▶ _WHAT IS REQUIRED_
Say how many lines in the following entries include "object", and add nothing else.

▶ _DATASET RECORDS_
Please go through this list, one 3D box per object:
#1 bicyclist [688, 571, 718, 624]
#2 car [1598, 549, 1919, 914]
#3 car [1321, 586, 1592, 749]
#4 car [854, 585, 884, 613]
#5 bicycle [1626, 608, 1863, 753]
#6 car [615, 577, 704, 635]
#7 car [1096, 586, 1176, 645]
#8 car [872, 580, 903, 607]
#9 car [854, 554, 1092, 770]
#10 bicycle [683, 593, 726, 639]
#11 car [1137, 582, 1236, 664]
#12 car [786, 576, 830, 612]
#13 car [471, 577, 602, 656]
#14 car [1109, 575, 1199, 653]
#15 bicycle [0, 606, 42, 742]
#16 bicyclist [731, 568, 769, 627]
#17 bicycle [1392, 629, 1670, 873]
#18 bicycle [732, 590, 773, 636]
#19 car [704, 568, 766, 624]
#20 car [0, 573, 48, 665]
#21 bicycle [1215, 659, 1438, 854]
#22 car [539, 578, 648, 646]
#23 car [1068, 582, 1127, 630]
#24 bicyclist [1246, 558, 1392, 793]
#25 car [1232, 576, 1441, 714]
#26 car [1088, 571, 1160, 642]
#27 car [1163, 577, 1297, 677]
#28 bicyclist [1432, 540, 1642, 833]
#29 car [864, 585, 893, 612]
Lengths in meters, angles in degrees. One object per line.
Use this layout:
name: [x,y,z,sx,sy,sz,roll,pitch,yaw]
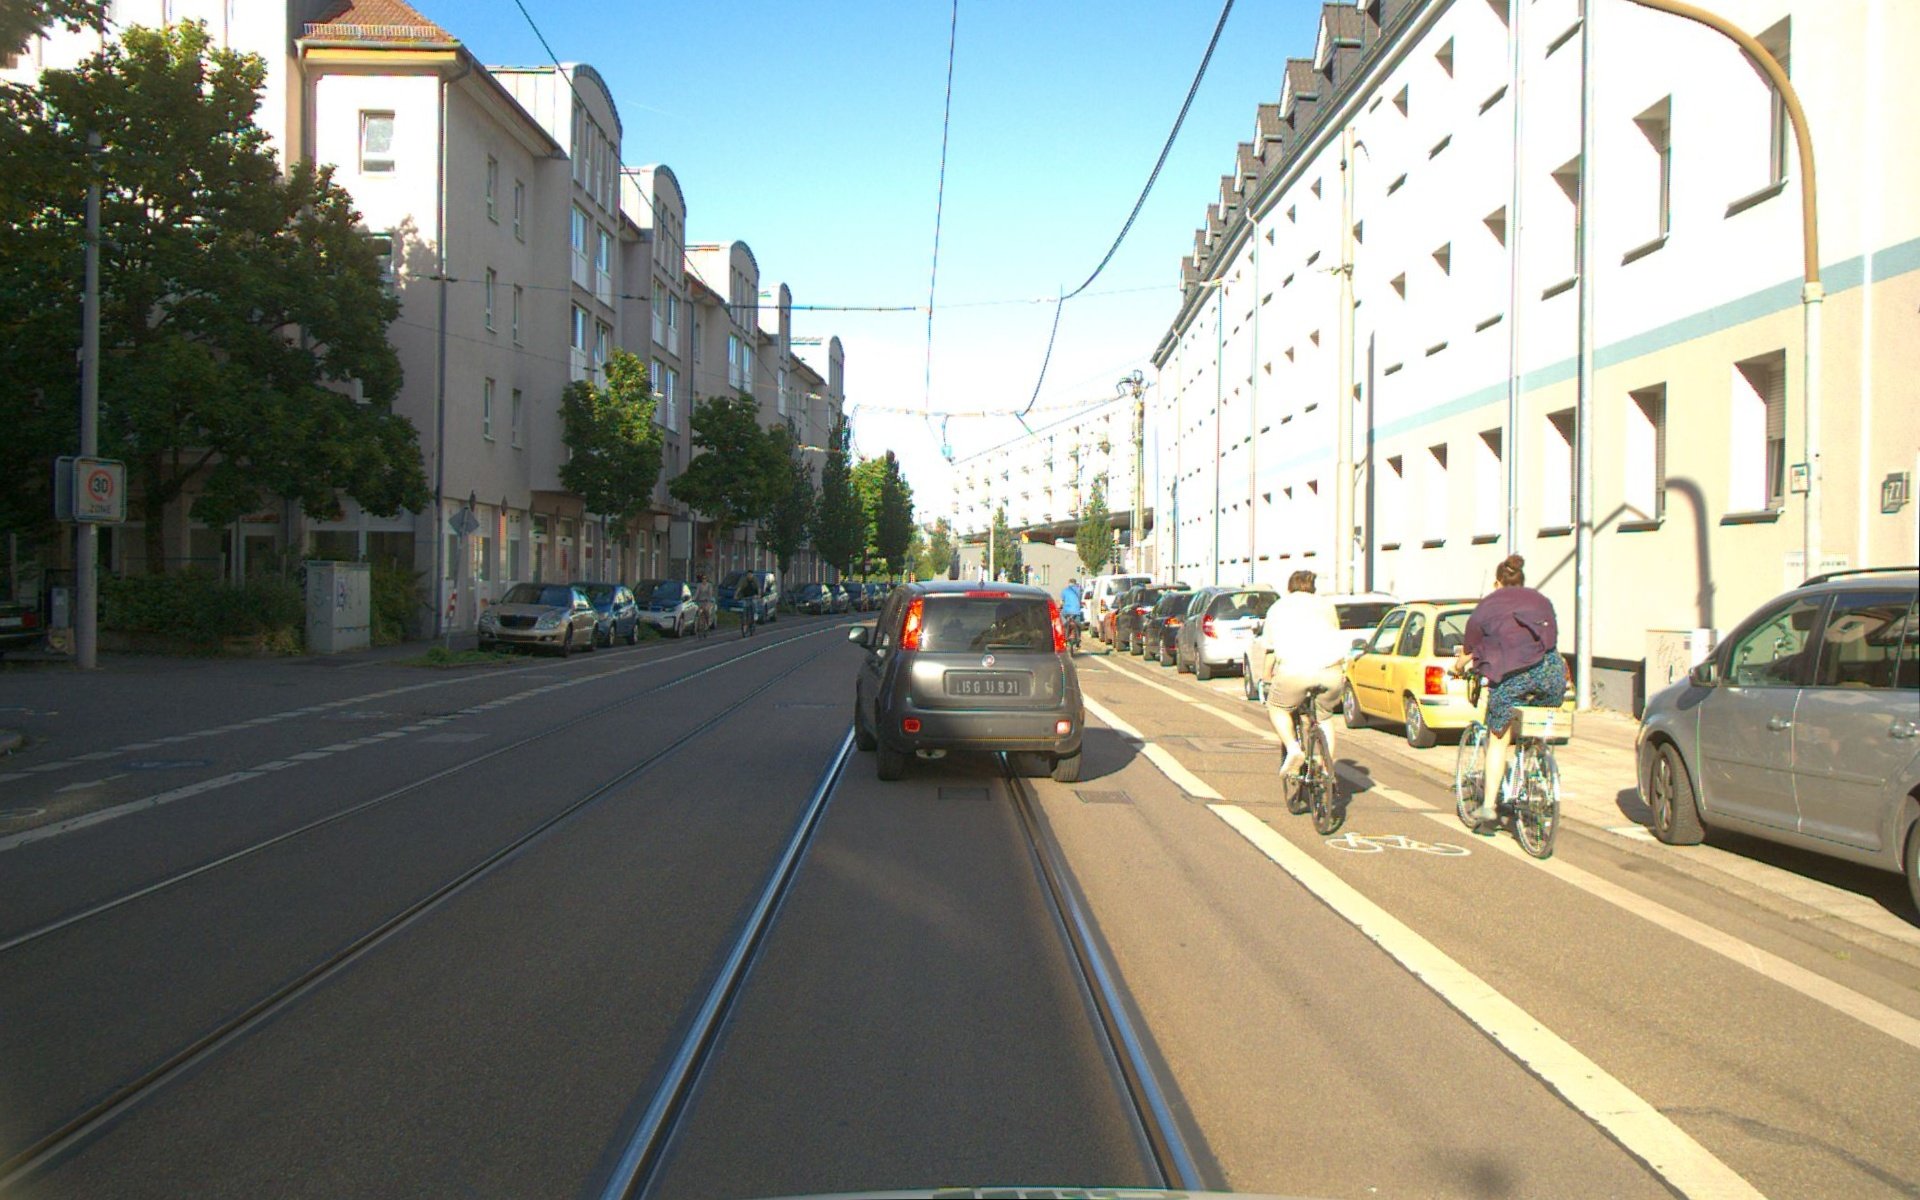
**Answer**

▶ _REPLY_
2